This will probably seem like a sort of irritating question to the learned people of this board, but this question has been bugging me since I started and I hope that someone can clear this up for me. when i look at the ascending and descending scales in a raga, often times the notes dont occur in order and certain notes repeat themselves. For instance, in the raga Bilaskhani Todi the Avarohi is S r n d M g r S. why does the r come before the n? and why are there 2 r's? If someone would please clarify this for me I would be very happy. Thank you
FullCircle (Aug 18, 2001 03:10 a.m.):
this will probably seem like a sort of irritating question to the learned people of this board, but this question has been bugging me since I started and I hope that someone can clear this up for me. when i look at the ascending and descending scales in a raga, often times the notes dont occur in order and certain notes repeat themselves. For instance, in the raga Bilaskhani Todi the Avarohi is S r n d M g r S. why does the r come before the n? and why are there 2 r's? If someone would please clarify this for me I would be very happy. Thank you
Hey fullcircle;
Well, first of all, both the ascending and descending scales of any raga have to have their notes in order. And no way do you have two reshajas (re). Don't know where you got this from, but that avaroha is completely scrambled! I think you ran into a typo. Try it in order instead with just one re.
-Russ
Hey i asked the cat that was in charge of the web page that i got this from and he said that certain ragas have 'movements' that you have to follow and thats what the strange order of the notes in the raga are about. Is anyone else familiar with this concept and can provide some clarifiacation for me? I'd apprecieatte it
OK, I'll stop after this and let someone else give it a try. You and the web cat are right. Most ragas have more than one movement (alap, jor,jhalla, etc), but not all of them! Within those movements are things called gats (measures), within them are still shorter tans (bars). The traditional ragas have notes which come in order when ascending or decending the scale. But there may indeed have been ragas written recently which are not that way. Anyway, that's all I'll say on this! Hope it helps a bit.

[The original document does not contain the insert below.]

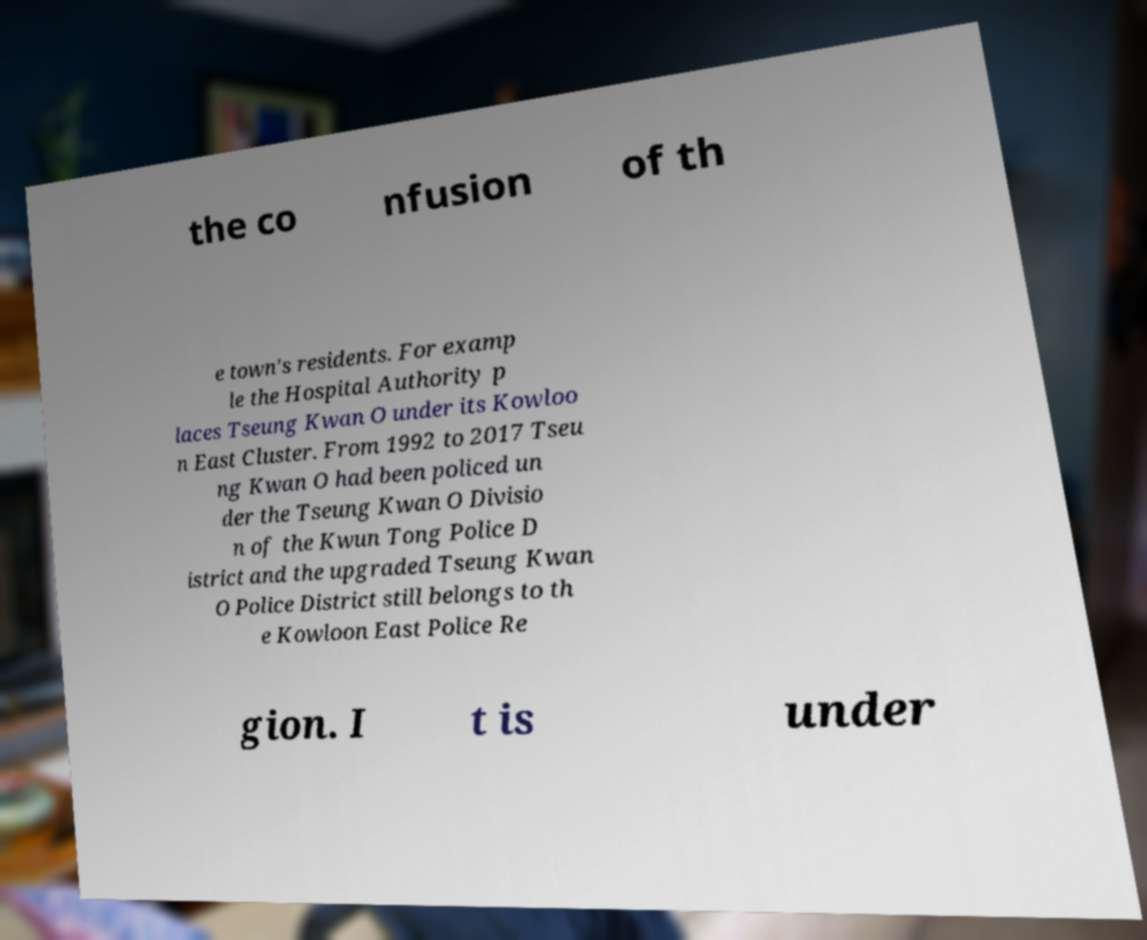There's text embedded in this image that I need extracted. Can you transcribe it verbatim? the co nfusion of th e town's residents. For examp le the Hospital Authority p laces Tseung Kwan O under its Kowloo n East Cluster. From 1992 to 2017 Tseu ng Kwan O had been policed un der the Tseung Kwan O Divisio n of the Kwun Tong Police D istrict and the upgraded Tseung Kwan O Police District still belongs to th e Kowloon East Police Re gion. I t is under

Usualy when you see something so out of order like this it is a problem with notation. On paper you can put lines and dots and everything but on a computer keyboard it is hard for instance the begining section of Yaman kalyan is :
N R G M etc. .
Obviusly what is ment is:
N. R G M etc.
But it is almost imposible to put a dot below the N to signify the lower saptak.
Check out this site http://www.geocities.com/Vienna/Strasse/1364/todicat2.html
It has the scales of many ragas. It does not have of Bilaskhani Todi, but it has of Todi. It may be of help.

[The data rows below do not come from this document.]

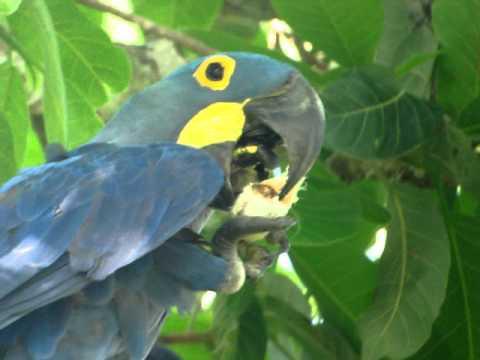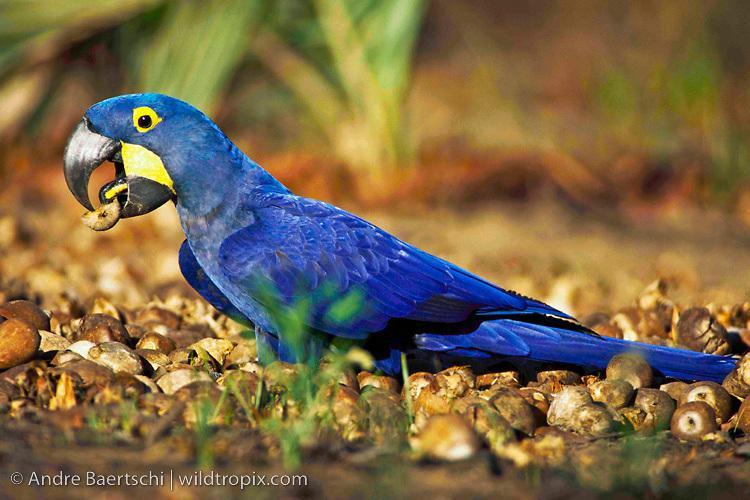The first image is the image on the left, the second image is the image on the right. Evaluate the accuracy of this statement regarding the images: "An image shows one blue parrot perched on a stub-ended leafless branch.". Is it true? Answer yes or no. No. The first image is the image on the left, the second image is the image on the right. For the images shown, is this caption "The right image contains no more than one blue parrot that is facing towards the left." true? Answer yes or no. Yes. 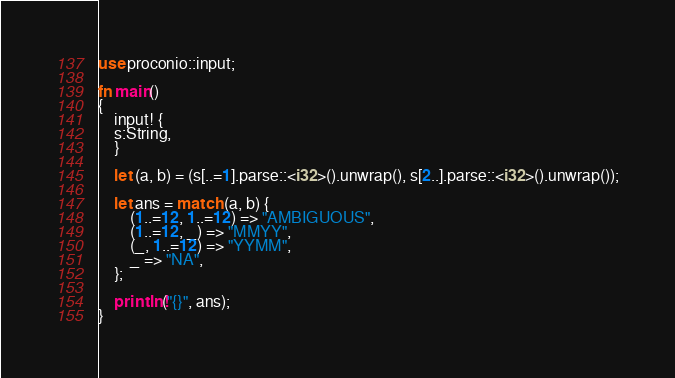<code> <loc_0><loc_0><loc_500><loc_500><_Rust_>use proconio::input;

fn main()
{
    input! {
    s:String,
    }

    let (a, b) = (s[..=1].parse::<i32>().unwrap(), s[2..].parse::<i32>().unwrap());

    let ans = match (a, b) {
        (1..=12, 1..=12) => "AMBIGUOUS",
        (1..=12, _) => "MMYY",
        (_, 1..=12) => "YYMM",
        _ => "NA",
    };

    println!("{}", ans);
}</code>

The combination of different swars make up the different ragas, therefore, the combinations will differ. As to your question about the same swars repeating, the possibility is that they must be the tivra or madhyam or in other words the sharp and flat notes of the same swar. I dont know the scale of Rag Bilaskhani Todi. But the re you are talking about here must be the tivra re below the tivra sa. So it is a higher note than tivra sa in the avaroh.
I will get in touch with my master and get this doubt relating to this particular raga clarified.